世界的な電気自動車(EV)販売の減速が鮮明になり、自動車メーカー各社は戦略の見直しを迫られている。2024年の世界EV販売台数は前年比わずか3%増の約1000万台にとどまり、これまでの急成長から一転して市場の停滞が顕著となった。
販売減速の背景
販売減速の背景には、補助金の縮小や価格競争の激化、充電インフラの整備遅れなどが挙げられる。特に欧州では主要国がEV購入補助金を削減または打ち切り、消費者の購買意欲に冷や水を浴びせた。また、中国市場ではテスラやBYDなどのメーカーが値下げ競争を繰り広げ、収益性を圧迫している。

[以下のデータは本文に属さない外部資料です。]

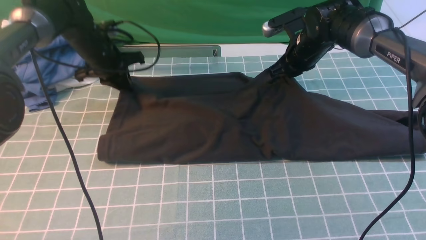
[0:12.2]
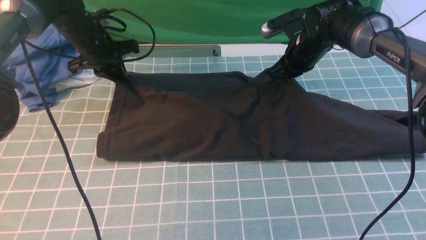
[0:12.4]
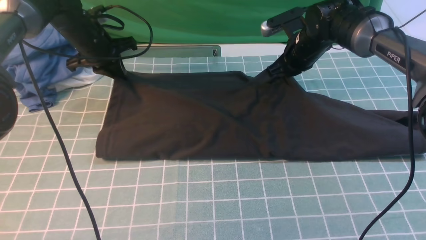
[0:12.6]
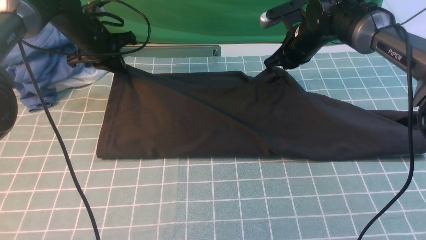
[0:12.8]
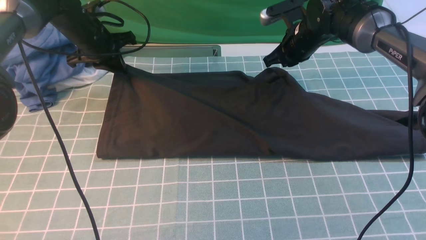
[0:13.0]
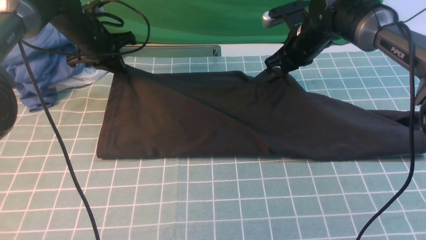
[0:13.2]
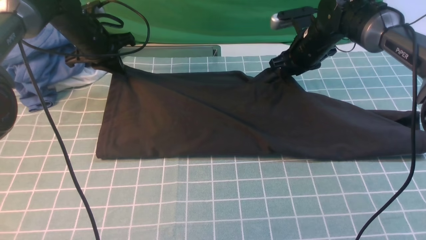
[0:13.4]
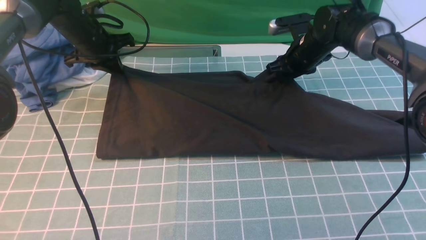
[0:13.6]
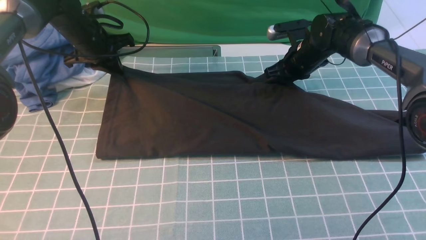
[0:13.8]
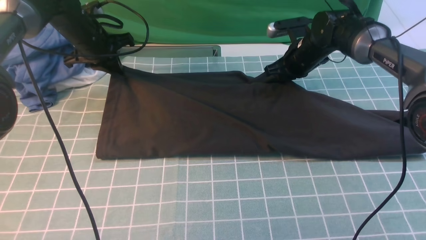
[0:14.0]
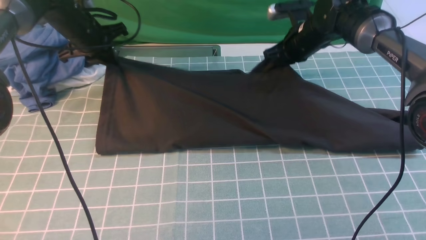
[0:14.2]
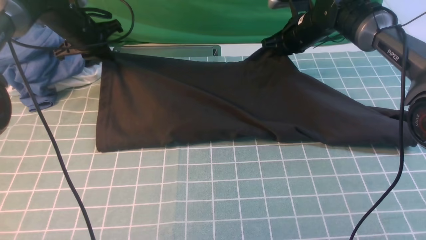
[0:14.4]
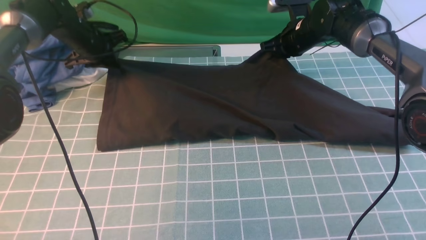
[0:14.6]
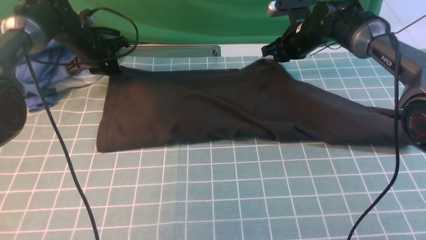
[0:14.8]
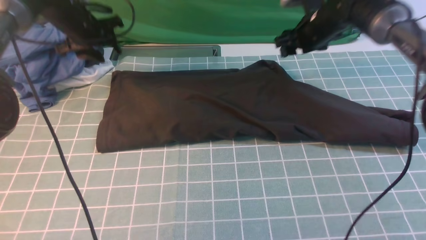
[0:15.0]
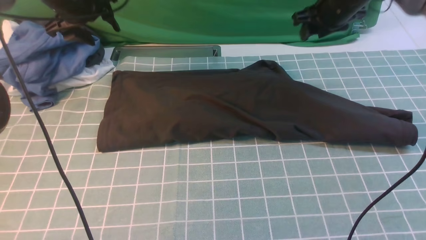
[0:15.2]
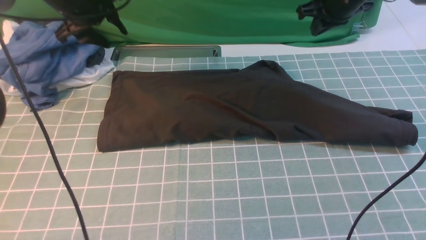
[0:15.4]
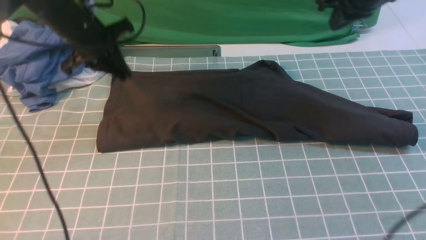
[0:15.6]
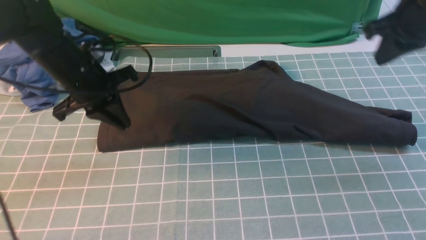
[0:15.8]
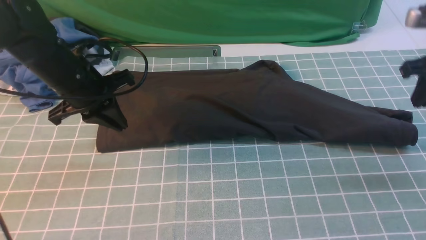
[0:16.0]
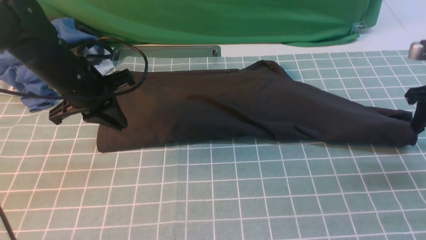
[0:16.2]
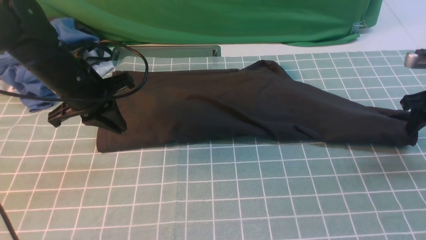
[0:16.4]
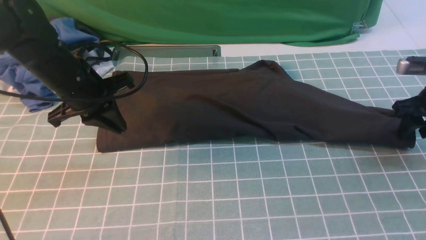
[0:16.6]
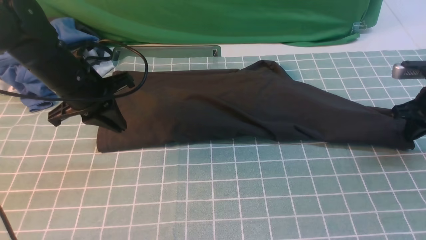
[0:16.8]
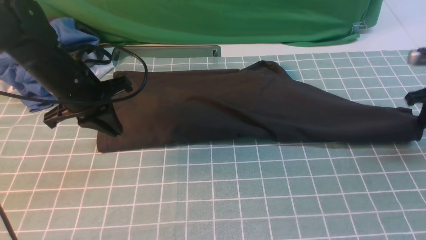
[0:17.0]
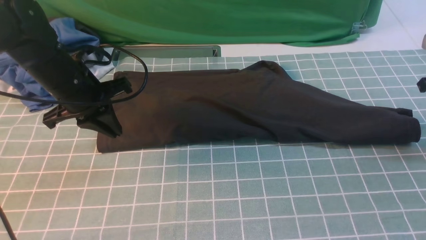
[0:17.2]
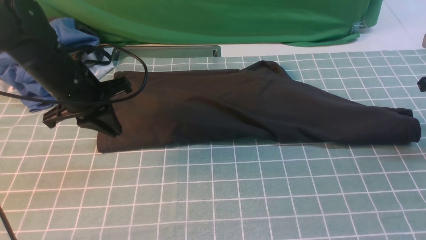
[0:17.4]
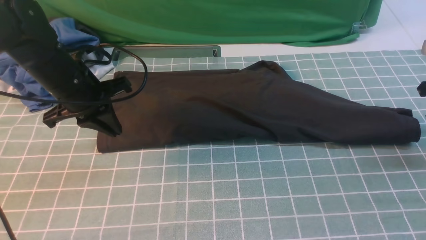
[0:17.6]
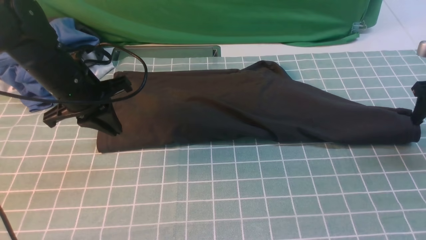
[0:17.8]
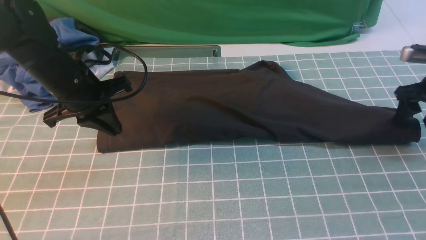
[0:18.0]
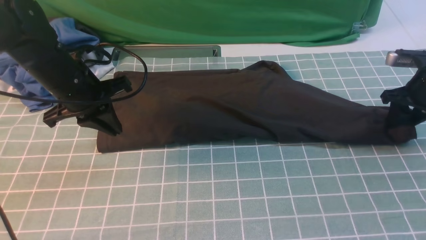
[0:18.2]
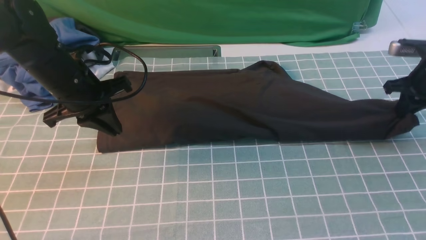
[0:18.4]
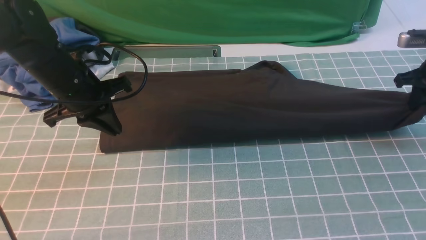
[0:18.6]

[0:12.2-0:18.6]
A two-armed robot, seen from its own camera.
Step, 0:12.2 to 0:15.2: use both arms to drag the lower edge of the fabric forward and fold it over the upper edge.
0:12.2 to 0:13.8: The grippers move only a little.
0:13.8 to 0:15.4: The left gripper travels upward by about 5 cm, and opens up; the right gripper is displaced upward by about 15 cm, and opens and closes again.
0:15.4 to 0:17.0: The left gripper heads backward, covering some 15 cm, and closes up, while the right gripper travels to the right, downward and backward by roughly 25 cm, and opens, then closes once more.
0:17.0 to 0:18.6: The right gripper opens and closes again.

ある自動車メーカーの幹部は「市場の成長が期待ほど速くないことは明らかだ。各社は生産計画を現実的な水準に調整する必要がある」と指摘する。この発言は業界全体の認識を反映している。
メーカー各社の対応
こうした状況を受け、多くの自動車メーカーがEV戦略の見直しに動き出した。フォードは2024年に計画していたEV生産能力の拡大を延期し、代わりにハイブリッド車への投資を強化すると発表した。ゼネラル・モーターズも一部のEVモデルの発売を遅らせ、内燃機関車の販売に注力する方針を示している。
一方、トヨタ自動車はEV専用プラットフォームの開発を進める一方で、ハイブリッド車や水素燃料電池車など複数の技術を並行して開発する「マルチパスウェイ戦略」を堅持している。同社の担当者は「顧客のニーズやインフラ整備の進捗に応じて、最適な技術を提供することが重要だ」と述べている。
今後の展望
アナリストの間では、EV市場の長期的な成長見通しには依然として楽観的な見方があるものの、短期的には調整局面が続くとの見方が多い。IHSマークイットの調査によると、2030年までに世界の新車販売に占めるEVの割合は30%を超えると予測されているが、その達成には価格低下や充電インフラの拡充が不可欠とされる。
また、欧州連合(EU)が2035年までに内燃機関車の新車販売を実質禁止する方針を維持していることから、メーカー各社は中長期的な対応を迫られている。しかし、現状の販売低迷を受けて、業界内では規制の緩和を求める声も強まっている。